Posts Tagged Wired

Living in the robot economy

Robotic Jimmy Fallon as published in Wired. Photo by Peter Yang.

Robotic Jimmy Fallon as published in Wired. Photo by Peter Yang.

Apparently, the robots are coming for our jobs. On the cover of the January 2013 issue of Wired is a story about how robots already have the capability to do human work. The robot takeover is even endorsed by Jimmy Fallon.

It’s easy to speculate about whether Wired’s Kevin Kelly is right or not, because none of this has actually happened yet. What’s really interesting to consider is what human life will be like when robots start doing all of the work.

A Life of Leisure

Let’s start out with a relatively positive side effect.
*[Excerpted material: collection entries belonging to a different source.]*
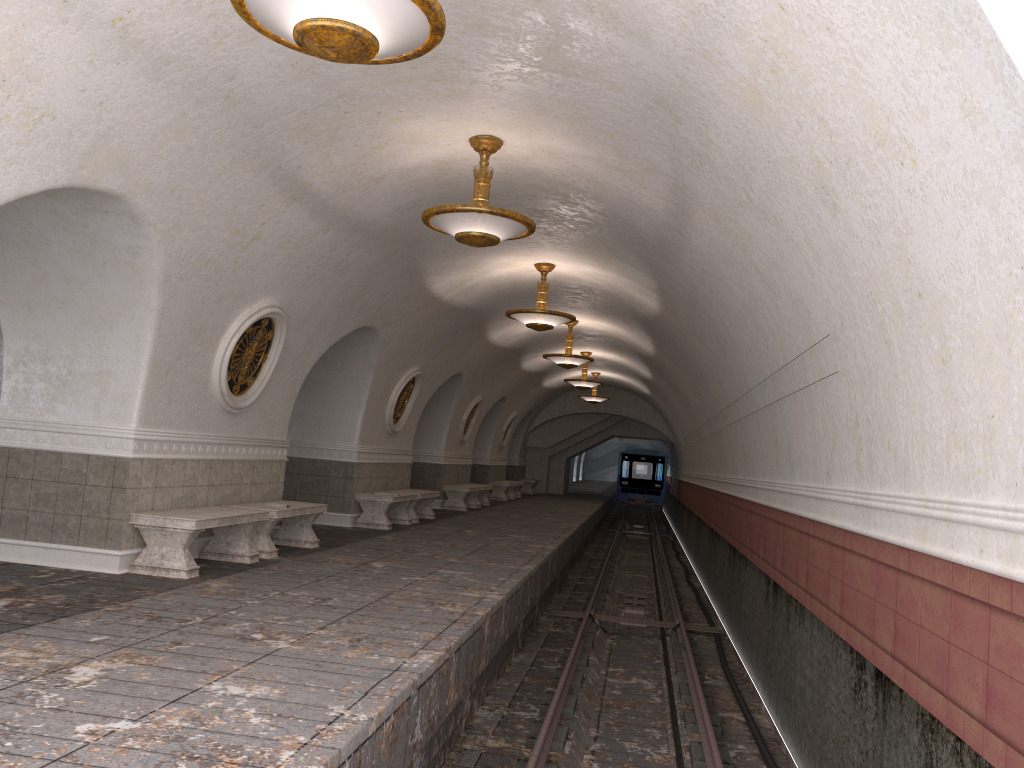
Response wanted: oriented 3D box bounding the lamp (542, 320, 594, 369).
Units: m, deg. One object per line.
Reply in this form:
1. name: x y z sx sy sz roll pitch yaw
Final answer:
1. lamp: 1.120 -0.763 17.361 1.008 0.955 1.008 3 -5 25

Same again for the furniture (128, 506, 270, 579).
1. furniture: -2.870 1.442 8.220 0.613 0.508 1.509 4 -5 9

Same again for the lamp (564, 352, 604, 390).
1. lamp: 1.812 -0.312 22.118 1.008 0.955 1.008 3 -5 25

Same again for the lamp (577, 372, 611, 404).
1. lamp: 2.505 0.140 26.876 1.008 0.955 1.008 8 -6 -35

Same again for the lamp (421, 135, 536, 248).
1. lamp: -0.270 -1.670 7.812 1.008 0.955 1.008 5 -5 -7

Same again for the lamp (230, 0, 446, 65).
1. lamp: -0.794 -2.012 4.211 1.008 0.955 1.008 8 -6 -35

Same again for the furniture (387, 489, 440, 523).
1. furniture: -1.767 2.161 15.797 0.613 0.508 1.509 4 -5 9

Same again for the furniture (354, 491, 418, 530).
1. furniture: -2.008 2.004 14.140 0.613 0.508 1.509 4 -5 9

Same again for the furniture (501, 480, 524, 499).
1. furniture: -0.049 3.282 27.603 0.613 0.508 1.509 4 -5 9

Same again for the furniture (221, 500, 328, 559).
1. furniture: -2.629 1.599 9.877 0.613 0.508 1.509 4 -5 9

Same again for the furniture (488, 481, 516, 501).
1. furniture: -0.290 3.125 25.947 0.613 0.508 1.509 4 -5 9

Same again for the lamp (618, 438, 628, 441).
1. lamp: 7.774 3.577 63.082 1.008 0.955 1.008 5 -5 -5

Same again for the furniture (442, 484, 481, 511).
1. furniture: -1.145 2.567 20.072 0.613 0.508 1.509 4 -5 9

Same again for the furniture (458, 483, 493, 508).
1. furniture: -0.904 2.724 21.729 0.613 0.508 1.509 4 -5 9

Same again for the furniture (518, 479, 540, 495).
1. furniture: 0.613 3.714 32.156 0.613 0.508 1.509 4 -5 9

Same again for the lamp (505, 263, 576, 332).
1. lamp: 0.427 -1.215 12.602 1.008 0.955 1.008 5 -5 -7

If humans get pushed out of jobs that require a lot of manual labor they could, in theory, be moved up to supervisory or white collar-type jobs that require less actual work. The factory of the future could have robot workers and human managers.

That means more people will have more spare time, which could be wonderful for both individuals and society. After all, who doesn’t want more time to do something that isn’t their job. More people could become less specialized, because they would have the time to pursue hobbies and budding talents. They could get a chance to read Crime & Punishment, or to think of an excuse to not read Crime & Punishment.

People often say that they are too busy to follow important news stories or political issues closely, but with machine assistance, we could have a more educated body politic. The Internet has, if nothing else, made massive amounts of information available. Sorting through it takes time, though.

Pop Culture Meltdown

In the Wired article, Kelly suggests that most displaced workers will become entrepreneurs or artists, starting small companies making custom wares and turning the global economy into Kickstarter writ large.

If that does happen, popular culture may become obsolete. It’s already happening in a way: Nearly everyone in the United States knew “Gangnam Style” before most American record executives had even heard of Psy.

If popular culture is basically a conversation between produces and consumers of media, then a robot economy could give them a hi-def connection. People won’t need to rely on media giants for entertainment, because small organizations (or even individual artists) will be readily available to produce media that are fine-tuned to each person’s specific tastes.

Never having to listen to Brittany Spears again sounds like a good deal, but it could have a negative affect. Pop culture is a bonding mechanism for a large population; its lowest-common-denominator aesthetic reminds us that there are certain basic things that we all enjoy.

Without it, we run the risk of cultural echolalia. If we don’t need to acknowledge what we don’t like, it’s hard to get a read on what other people are thinking. It would also make it hard to discover something new, because we’d have to make a determined effort to leave our comfort zones.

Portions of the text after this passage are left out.